[Dataset records]
↓↓↓

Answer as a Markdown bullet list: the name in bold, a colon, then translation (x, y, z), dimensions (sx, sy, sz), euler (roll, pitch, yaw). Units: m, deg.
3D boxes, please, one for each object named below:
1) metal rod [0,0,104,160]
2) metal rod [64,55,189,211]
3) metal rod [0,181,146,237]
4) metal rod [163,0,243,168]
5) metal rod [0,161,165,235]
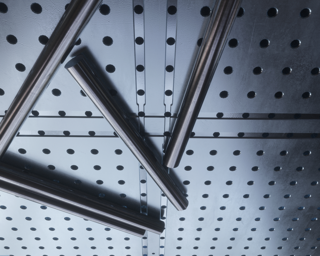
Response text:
- **metal rod**: translation (-0.146, -0.052, 0.364), dimensions (0.025, 0.025, 0.299), euler (31, 124, -24)
- **metal rod**: translation (-0.030, 0.027, 0.434), dimensions (0.025, 0.025, 0.299), euler (-21, 128, 16)
- **metal rod**: translation (-0.158, 0.127, 0.517), dimensions (0.301, 0.025, 0.025), euler (26, 125, -21)
- **metal rod**: translation (0.049, -0.061, 0.360), dimensions (0.025, 0.025, 0.298), euler (9, 130, -9)
- **metal rod**: translation (-0.124, 0.121, 0.512), dimensions (0.301, 0.025, 0.025), euler (26, 125, -21)
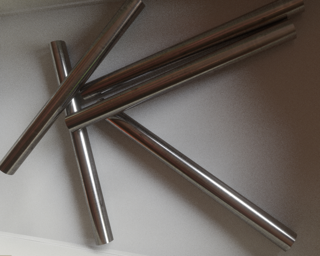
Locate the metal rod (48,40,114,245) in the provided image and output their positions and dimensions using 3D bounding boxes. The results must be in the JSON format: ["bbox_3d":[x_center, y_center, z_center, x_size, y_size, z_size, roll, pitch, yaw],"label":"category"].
[{"bbox_3d":[-0.116,0.017,0.451,0.025,0.025,0.299,-17,84,19],"label":"metal rod"}]

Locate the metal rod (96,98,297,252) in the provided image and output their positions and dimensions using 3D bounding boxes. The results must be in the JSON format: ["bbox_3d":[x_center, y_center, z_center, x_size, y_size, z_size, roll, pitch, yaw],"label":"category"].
[{"bbox_3d":[0.032,0.050,0.399,0.300,0.025,0.025,35,101,16],"label":"metal rod"}]

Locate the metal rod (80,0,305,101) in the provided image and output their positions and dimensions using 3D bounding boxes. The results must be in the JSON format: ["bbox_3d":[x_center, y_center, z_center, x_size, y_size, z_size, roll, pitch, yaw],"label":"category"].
[{"bbox_3d":[0.026,-0.097,0.401,0.300,0.025,0.025,-19,84,18],"label":"metal rod"}]

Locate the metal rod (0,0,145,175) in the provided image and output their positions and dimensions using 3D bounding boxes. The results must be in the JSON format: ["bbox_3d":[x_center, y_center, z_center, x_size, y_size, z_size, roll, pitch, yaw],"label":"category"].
[{"bbox_3d":[-0.124,-0.058,0.430,0.025,0.025,0.299,40,93,15],"label":"metal rod"}]

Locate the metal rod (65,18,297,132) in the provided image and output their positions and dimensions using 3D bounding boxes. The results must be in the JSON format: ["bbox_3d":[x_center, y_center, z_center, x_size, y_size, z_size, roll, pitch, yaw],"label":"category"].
[{"bbox_3d":[0.016,-0.060,0.388,0.301,0.025,0.025,-22,83,12],"label":"metal rod"}]
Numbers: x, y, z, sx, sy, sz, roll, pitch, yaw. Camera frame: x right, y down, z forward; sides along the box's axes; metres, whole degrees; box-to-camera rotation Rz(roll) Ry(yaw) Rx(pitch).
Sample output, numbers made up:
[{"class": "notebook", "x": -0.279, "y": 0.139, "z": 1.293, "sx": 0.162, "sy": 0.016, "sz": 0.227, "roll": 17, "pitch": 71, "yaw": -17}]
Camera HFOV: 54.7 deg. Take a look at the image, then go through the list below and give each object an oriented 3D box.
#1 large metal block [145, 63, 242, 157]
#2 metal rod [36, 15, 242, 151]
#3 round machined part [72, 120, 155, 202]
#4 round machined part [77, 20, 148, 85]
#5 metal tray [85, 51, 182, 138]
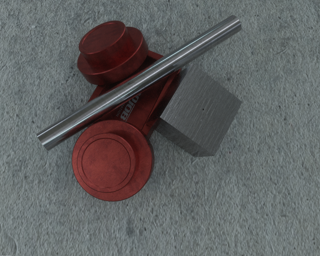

↑↑↑

> [REQUIRED ACTION]
What's needed is every record restated exactly, pictures excluded.

> [YOUR SOLUTION]
Answer as a Markdown bullet list: the name in bold, a colon, then translation (x, y, z), dimensions (sx, sy, sz), euler (roll, pitch, yaw). Units: m, deg.
3D boxes, please, one for each object named below:
1) metal rod [0,0,104,160]
2) metal rod [64,55,189,211]
3) metal rod [0,181,146,237]
4) metal rod [163,0,243,168]
5) metal rod [0,161,165,235]
Response text:
- **metal rod**: translation (-0.146, -0.052, 0.364), dimensions (0.025, 0.025, 0.299), euler (31, 124, -24)
- **metal rod**: translation (-0.030, 0.027, 0.434), dimensions (0.025, 0.025, 0.299), euler (-21, 128, 16)
- **metal rod**: translation (-0.158, 0.127, 0.517), dimensions (0.301, 0.025, 0.025), euler (26, 125, -21)
- **metal rod**: translation (0.049, -0.061, 0.360), dimensions (0.025, 0.025, 0.298), euler (9, 130, -9)
- **metal rod**: translation (-0.124, 0.121, 0.512), dimensions (0.301, 0.025, 0.025), euler (26, 125, -21)
Locate the metal rod (48,40,114,245) in the provided image and output their positions and dimensions using 3D bounding boxes. The results must be in the JSON format: ["bbox_3d":[x_center, y_center, z_center, x_size, y_size, z_size, roll, pitch, yaw],"label":"category"].
[{"bbox_3d":[-0.116,0.017,0.451,0.025,0.025,0.299,-17,84,19],"label":"metal rod"}]

Locate the metal rod (96,98,297,252) in the provided image and output their positions and dimensions using 3D bounding boxes. The results must be in the JSON format: ["bbox_3d":[x_center, y_center, z_center, x_size, y_size, z_size, roll, pitch, yaw],"label":"category"].
[{"bbox_3d":[0.032,0.050,0.399,0.300,0.025,0.025,35,101,16],"label":"metal rod"}]

Locate the metal rod (80,0,305,101) in the provided image and output their positions and dimensions using 3D bounding boxes. The results must be in the JSON format: ["bbox_3d":[x_center, y_center, z_center, x_size, y_size, z_size, roll, pitch, yaw],"label":"category"].
[{"bbox_3d":[0.026,-0.097,0.401,0.300,0.025,0.025,-19,84,18],"label":"metal rod"}]

Locate the metal rod (0,0,145,175) in the provided image and output their positions and dimensions using 3D bounding boxes. The results must be in the JSON format: ["bbox_3d":[x_center, y_center, z_center, x_size, y_size, z_size, roll, pitch, yaw],"label":"category"].
[{"bbox_3d":[-0.124,-0.058,0.430,0.025,0.025,0.299,40,93,15],"label":"metal rod"}]

Locate the metal rod (65,18,297,132) in the provided image and output their positions and dimensions using 3D bounding boxes. The results must be in the JSON format: ["bbox_3d":[x_center, y_center, z_center, x_size, y_size, z_size, roll, pitch, yaw],"label":"category"].
[{"bbox_3d":[0.016,-0.060,0.388,0.301,0.025,0.025,-22,83,12],"label":"metal rod"}]
Numbers: x, y, z, sx, sy, sz, roll, pitch, yaw. Camera frame: x right, y down, z forward; sides along the box's axes; metres, whole degrees; box-to-camera rotation Rz(roll) Ry(yaw) Rx(pitch).
Sample output, numbers made up:
[{"class": "notebook", "x": -0.279, "y": 0.139, "z": 1.293, "sx": 0.162, "sy": 0.016, "sz": 0.227, "roll": 17, "pitch": 71, "yaw": -17}]
Camera HFOV: 54.7 deg. Take a look at the image, then go through the list below and give each object an oriented 3D box.
#1 large metal block [145, 63, 242, 157]
#2 metal rod [36, 15, 242, 151]
#3 round machined part [72, 120, 155, 202]
#4 round machined part [77, 20, 148, 85]
#5 metal tray [85, 51, 182, 138]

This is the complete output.